A chef friend once told me the two simplest surefire things you can do to improve flavors in everyday cooking are: 1. Cook with butter. 2. Always use shallots instead of onions.

I think of this often because I love shallots. Compared to their beefier cousins like the Spanish white or yellow, their delicate flavor is like a little kiss on the cheek—satisfying yet leaves me longing for more.

In the garden this week it’s all onions, lettuce and peas. Those are the only things we grow that’s hearty enough to stand up to a Vermont spring, which will likely include snow or at the very least one more hard frost before May ends. Memorial Day. That’s when we really plant most food and flowers here, and not until after the full moon.

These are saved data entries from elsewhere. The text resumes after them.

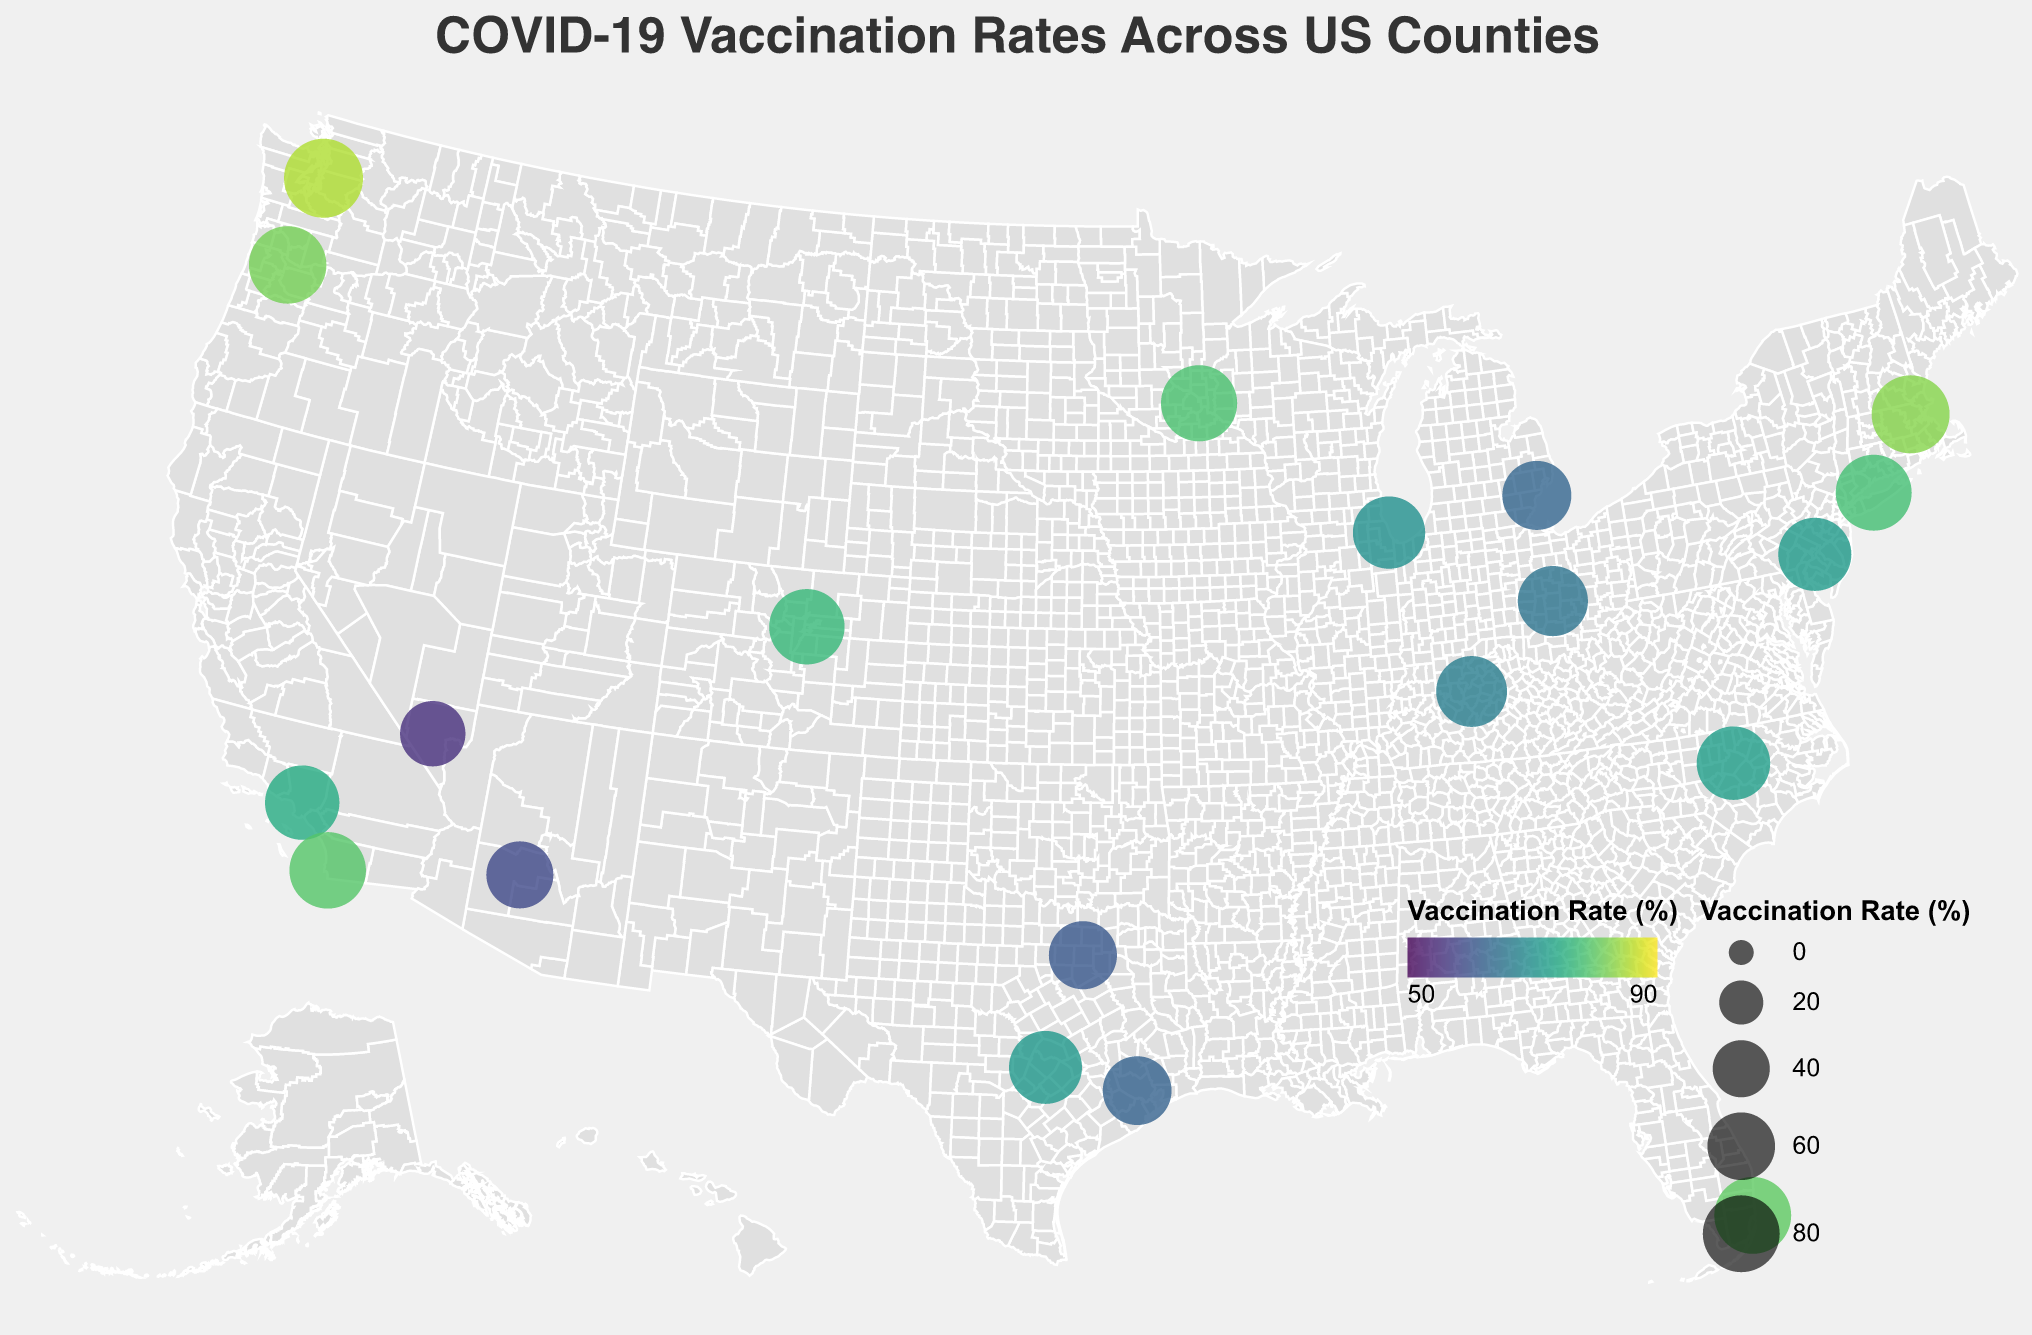What's the title of the figure? The title is usually located at the top of the figure and indicates the main subject. In this case, it is "COVID-19 Vaccination Rates Across US Counties."
Answer: COVID-19 Vaccination Rates Across US Counties Which county has the highest vaccination rate and what is it? By examining the circle sizes and colors, King County in Washington has the largest circle and the darkest color, representing the highest vaccination rate of 85.2%.
Answer: King County, 85.2% What is the vaccination rate of Los Angeles County in California? By locating Los Angeles County on the map and checking its tooltip, the vaccination rate is shown as 74.5%.
Answer: 74.5% How many counties have vaccination rates above 80%? By observing the figure, we note that the counties with darker colors have higher rates. The counties above 80% are King (85.2%), Miami-Dade (80.1%), Middlesex (82.7%), and Multnomah (81.6%).
Answer: 4 What is the vaccination rate difference between Cook County in Illinois and Dallas County in Texas? Cook County's rate is 69.8% and Dallas County's rate is 60.9%. The difference is 69.8% - 60.9% = 8.9%.
Answer: 8.9% Which state has the most counties listed in the figure? By counting the occurrence of different states, Texas has three counties listed: Harris, Dallas, and Travis.
Answer: Texas Which county has the lowest vaccination rate, and what is it? By identifying the smallest and lightest colored circle, Clark County in Nevada has the lowest rate of 55.4%.
Answer: Clark County, 55.4% Compare the vaccination rates of the counties in California. Which one is higher, and by how much? The counties listed in California are Los Angeles (74.5%) and San Diego (79.3%). San Diego's rate is higher by 79.3% - 74.5% = 4.8%.
Answer: San Diego, 4.8% What are the average vaccination rates of all counties listed? Summing the vaccination rates: (74.5 + 69.8 + 62.3 + 58.7 + 85.2 + 80.1 + 71.6 + 79.3 + 60.9 + 55.4 + 62.8 + 82.7 + 77.9 + 65.2 + 78.5 + 71.3 + 81.6 + 66.7 + 72.4 + 76.8) = 1471.7. Dividing by the number of counties (20), the average is 1471.7/20 = 73.6%.
Answer: 73.6% 
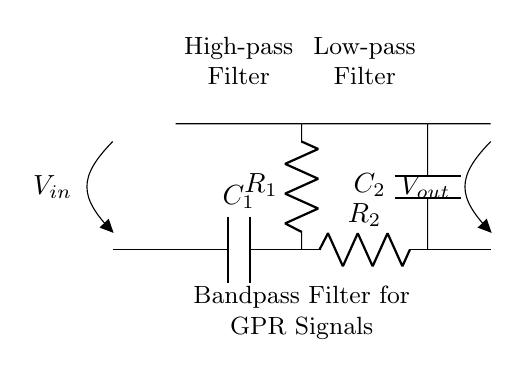What type of filter is this circuit? The circuit is a bandpass filter that allows a specific range of frequencies to pass while attenuating frequencies outside of this range. The presence of both high-pass and low-pass sections indicates it is designed to pass a band of frequencies.
Answer: Bandpass filter What component values are there in the high-pass filter section? In the high-pass filter section, there is a capacitor labeled C1 and a resistor labeled R1. The arrangement allows high-frequency signals to pass while blocking lower frequencies.
Answer: C1 and R1 What is the role of the capacitor in the low-pass filter section? The capacitor in the low-pass filter section (C2) allows low-frequency signals to pass and attenuates high-frequency signals. This behavior is typical for capacitors in low-pass configurations where they provide a path to ground for high-frequency noise.
Answer: Attenuation of high frequencies How are the high-pass and low-pass filters connected? The high-pass and low-pass filters are connected in series, with the output of the high-pass connected to the input of the low-pass. This arrangement creates a bandpass characteristic by allowing only the frequencies that fall within the specified band to pass through.
Answer: Series connection What is the function of resistor R2 in this circuit? Resistor R2 in the low-pass filter section helps to determine the cutoff frequency of the low-pass filter, allowing specific low frequencies to pass while providing a path for high frequencies to be attenuated, thereby shaping the overall filter response.
Answer: Cutoff frequency adjustment What is the significance of the labels on the circuit diagram? The labels identify individual components (like R1, R2, C1, C2) and the voltages (Vin and Vout) in the circuit, providing crucial information for understanding how the circuit operates and what parameters are important in the design.
Answer: Component identification 
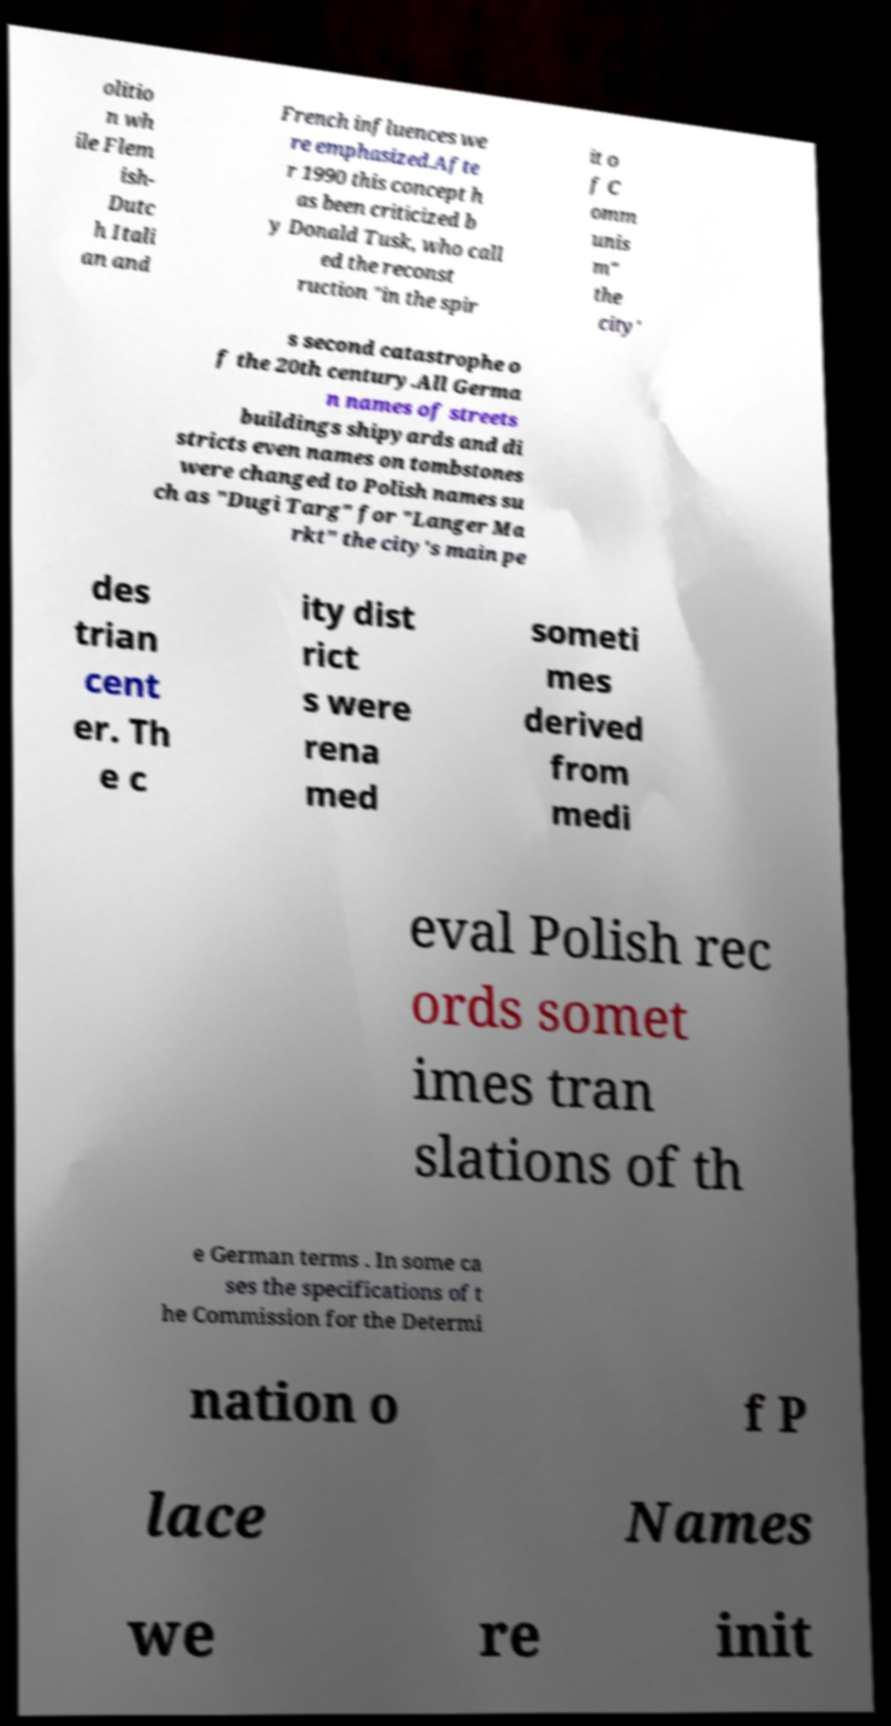There's text embedded in this image that I need extracted. Can you transcribe it verbatim? olitio n wh ile Flem ish- Dutc h Itali an and French influences we re emphasized.Afte r 1990 this concept h as been criticized b y Donald Tusk, who call ed the reconst ruction "in the spir it o f C omm unis m" the city' s second catastrophe o f the 20th century.All Germa n names of streets buildings shipyards and di stricts even names on tombstones were changed to Polish names su ch as "Dugi Targ" for "Langer Ma rkt" the city's main pe des trian cent er. Th e c ity dist rict s were rena med someti mes derived from medi eval Polish rec ords somet imes tran slations of th e German terms . In some ca ses the specifications of t he Commission for the Determi nation o f P lace Names we re init 
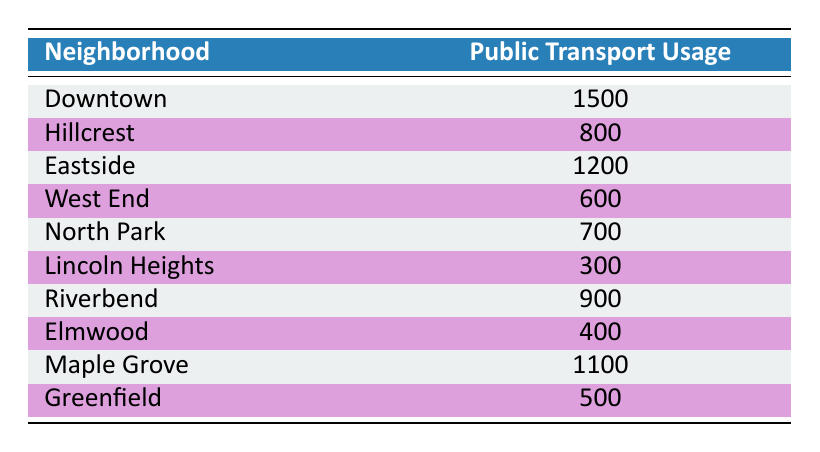What neighborhood has the highest public transport usage? From the table, Downtown has a public transport usage of 1500, which is the highest value compared to other neighborhoods.
Answer: Downtown How many neighborhoods have a public transport usage below 800? Based on the table, Lincoln Heights (300), West End (600), Elmwood (400), and Greenfield (500) have public transport usage below 800. This totals to 4 neighborhoods.
Answer: 4 What is the difference in public transport usage between the neighborhood with the highest usage and the neighborhood with the lowest usage? Downtown has the highest usage at 1500 and Lincoln Heights has the lowest usage at 300. The difference is 1500 - 300 = 1200.
Answer: 1200 What is the average public transport usage across all neighborhoods? First, sum all public transport usages: (1500 + 800 + 1200 + 600 + 700 + 300 + 900 + 400 + 1100 + 500) = 7100. There are 10 neighborhoods, so the average is 7100 / 10 = 710.
Answer: 710 Is there any neighborhood with a public transport usage of exactly 800? The table shows that Hillcrest has a public transport usage of 800. Therefore, the answer is yes.
Answer: Yes Which neighborhood has the second-highest public transport usage? After Downtown (1500), the next highest public transport usage is by Eastside with 1200.
Answer: Eastside How many neighborhoods have a public transport usage over 1000? The neighborhoods with usage over 1000 are Downtown (1500), Eastside (1200), and Maple Grove (1100). This means there are 3 neighborhoods that meet this criterion.
Answer: 3 What is the sum of public transport usage for neighborhoods in the lower half of usage? The neighborhoods in the lower half based on usage are Lincoln Heights (300), West End (600), North Park (700), Elmwood (400), and Greenfield (500). Their total usage is 300 + 600 + 700 + 400 + 500 = 2500.
Answer: 2500 Is the public transport usage of Maple Grove greater than the average usage? The average public transport usage is 710, and Maple Grove has a usage of 1100. Since 1100 is greater than 710, the answer is yes.
Answer: Yes 
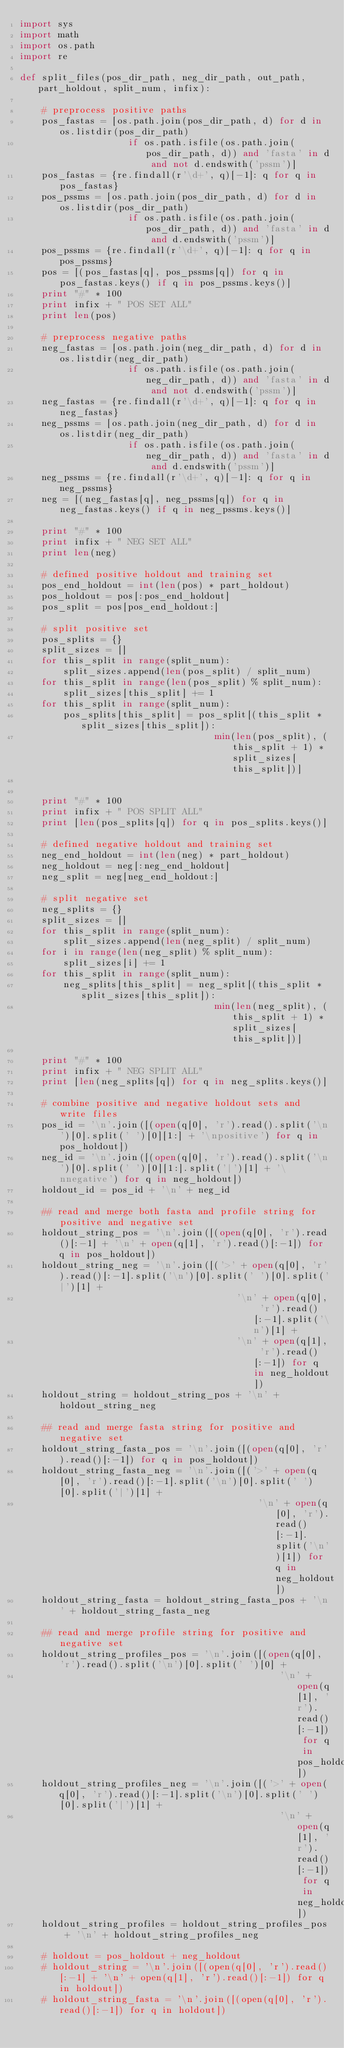<code> <loc_0><loc_0><loc_500><loc_500><_Python_>import sys
import math
import os.path
import re

def split_files(pos_dir_path, neg_dir_path, out_path, part_holdout, split_num, infix):

	# preprocess positive paths
	pos_fastas = [os.path.join(pos_dir_path, d) for d in os.listdir(pos_dir_path) 
					if os.path.isfile(os.path.join(pos_dir_path, d)) and 'fasta' in d and not d.endswith('pssm')]
	pos_fastas = {re.findall(r'\d+', q)[-1]: q for q in pos_fastas}
	pos_pssms = [os.path.join(pos_dir_path, d) for d in os.listdir(pos_dir_path) 
					if os.path.isfile(os.path.join(pos_dir_path, d)) and 'fasta' in d and d.endswith('pssm')]
	pos_pssms = {re.findall(r'\d+', q)[-1]: q for q in pos_pssms}
	pos = [(pos_fastas[q], pos_pssms[q]) for q in pos_fastas.keys() if q in pos_pssms.keys()]
	print "#" * 100
	print infix + " POS SET ALL"
	print len(pos)

	# preprocess negative paths
	neg_fastas = [os.path.join(neg_dir_path, d) for d in os.listdir(neg_dir_path) 
					if os.path.isfile(os.path.join(neg_dir_path, d)) and 'fasta' in d and not d.endswith('pssm')]
	neg_fastas = {re.findall(r'\d+', q)[-1]: q for q in neg_fastas}
	neg_pssms = [os.path.join(neg_dir_path, d) for d in os.listdir(neg_dir_path) 
					if os.path.isfile(os.path.join(neg_dir_path, d)) and 'fasta' in d and d.endswith('pssm')]
	neg_pssms = {re.findall(r'\d+', q)[-1]: q for q in neg_pssms}
	neg = [(neg_fastas[q], neg_pssms[q]) for q in neg_fastas.keys() if q in neg_pssms.keys()]

	print "#" * 100
	print infix + " NEG SET ALL"
	print len(neg)

	# defined positive holdout and training set
	pos_end_holdout = int(len(pos) * part_holdout)
	pos_holdout = pos[:pos_end_holdout]
	pos_split = pos[pos_end_holdout:]

	# split positive set
	pos_splits = {}
	split_sizes = []
	for this_split in range(split_num):
		split_sizes.append(len(pos_split) / split_num)
	for this_split in range(len(pos_split) % split_num):
		split_sizes[this_split] += 1
	for this_split in range(split_num):
		pos_splits[this_split] = pos_split[(this_split * split_sizes[this_split]):
									min(len(pos_split), (this_split + 1) * split_sizes[this_split])]


	print "#" * 100
	print infix + " POS SPLIT ALL"
	print [len(pos_splits[q]) for q in pos_splits.keys()]

	# defined negative holdout and training set
	neg_end_holdout = int(len(neg) * part_holdout)
	neg_holdout = neg[:neg_end_holdout]
	neg_split = neg[neg_end_holdout:]

	# split negative set
	neg_splits = {}
	split_sizes = []
	for this_split in range(split_num):
		split_sizes.append(len(neg_split) / split_num)
	for i in range(len(neg_split) % split_num):
		split_sizes[i] += 1
	for this_split in range(split_num):
		neg_splits[this_split] = neg_split[(this_split * split_sizes[this_split]):
									min(len(neg_split), (this_split + 1) * split_sizes[this_split])]

	print "#" * 100
	print infix + " NEG SPLIT ALL"
	print [len(neg_splits[q]) for q in neg_splits.keys()]

	# combine positive and negative holdout sets and write files
	pos_id = '\n'.join([(open(q[0], 'r').read().split('\n')[0].split(' ')[0][1:] + '\npositive') for q in pos_holdout])
	neg_id = '\n'.join([(open(q[0], 'r').read().split('\n')[0].split(' ')[0][1:].split('|')[1] + '\nnegative') for q in neg_holdout])
	holdout_id = pos_id + '\n' + neg_id

	## read and merge both fasta and profile string for positive and negative set
	holdout_string_pos = '\n'.join([(open(q[0], 'r').read()[:-1] + '\n' + open(q[1], 'r').read()[:-1]) for q in pos_holdout])
	holdout_string_neg = '\n'.join([('>' + open(q[0], 'r').read()[:-1].split('\n')[0].split(' ')[0].split('|')[1] + 
										'\n' + open(q[0], 'r').read()[:-1].split('\n')[1] + 
										'\n' + open(q[1], 'r').read()[:-1]) for q in neg_holdout])
	holdout_string = holdout_string_pos + '\n' + holdout_string_neg

	## read and merge fasta string for positive and negative set
	holdout_string_fasta_pos = '\n'.join([(open(q[0], 'r').read()[:-1]) for q in pos_holdout])
	holdout_string_fasta_neg = '\n'.join([('>' + open(q[0], 'r').read()[:-1].split('\n')[0].split(' ')[0].split('|')[1] + 
											'\n' + open(q[0], 'r').read()[:-1].split('\n')[1]) for q in neg_holdout])
	holdout_string_fasta = holdout_string_fasta_pos + '\n' + holdout_string_fasta_neg

	## read and merge profile string for positive and negative set
	holdout_string_profiles_pos = '\n'.join([(open(q[0], 'r').read().split('\n')[0].split(' ')[0] + 
												'\n' +open(q[1], 'r').read()[:-1]) for q in pos_holdout])
	holdout_string_profiles_neg = '\n'.join([('>' + open(q[0], 'r').read()[:-1].split('\n')[0].split(' ')[0].split('|')[1] + 
												'\n' + open(q[1], 'r').read()[:-1]) for q in neg_holdout])
	holdout_string_profiles = holdout_string_profiles_pos + '\n' + holdout_string_profiles_neg

	# holdout = pos_holdout + neg_holdout
	# holdout_string = '\n'.join([(open(q[0], 'r').read()[:-1] + '\n' + open(q[1], 'r').read()[:-1]) for q in holdout])
	# holdout_string_fasta = '\n'.join([(open(q[0], 'r').read()[:-1]) for q in holdout])</code>

There’s a sense of optimism that comes with inserting onion sets into the soil. It’s a start of something good. We’ve grown them from seed in the past, but the more mature sets, which re really just immature onions, seem to fare better in our abbreviated growing season. Typically you’ll find green, yellow and red in our plot alongside leeks, shallots and garlic. We are big Allium fans, as you can see. Go Allium! (And, yes, go Patriots, Steelers and Orioles.)

Liking onions turns out to be a good thing because they’re layered with healthful benefits. Besides being rich in vitamins B, C, and E, onion’s superpowers also include: discouraging blood clotting, lowering heart rates and aiding in digestion. Toss in some minerals: phosphorus, potassium, sodium, and super-desirable sulfurs and you’ve got a pretty powerful friend in onions.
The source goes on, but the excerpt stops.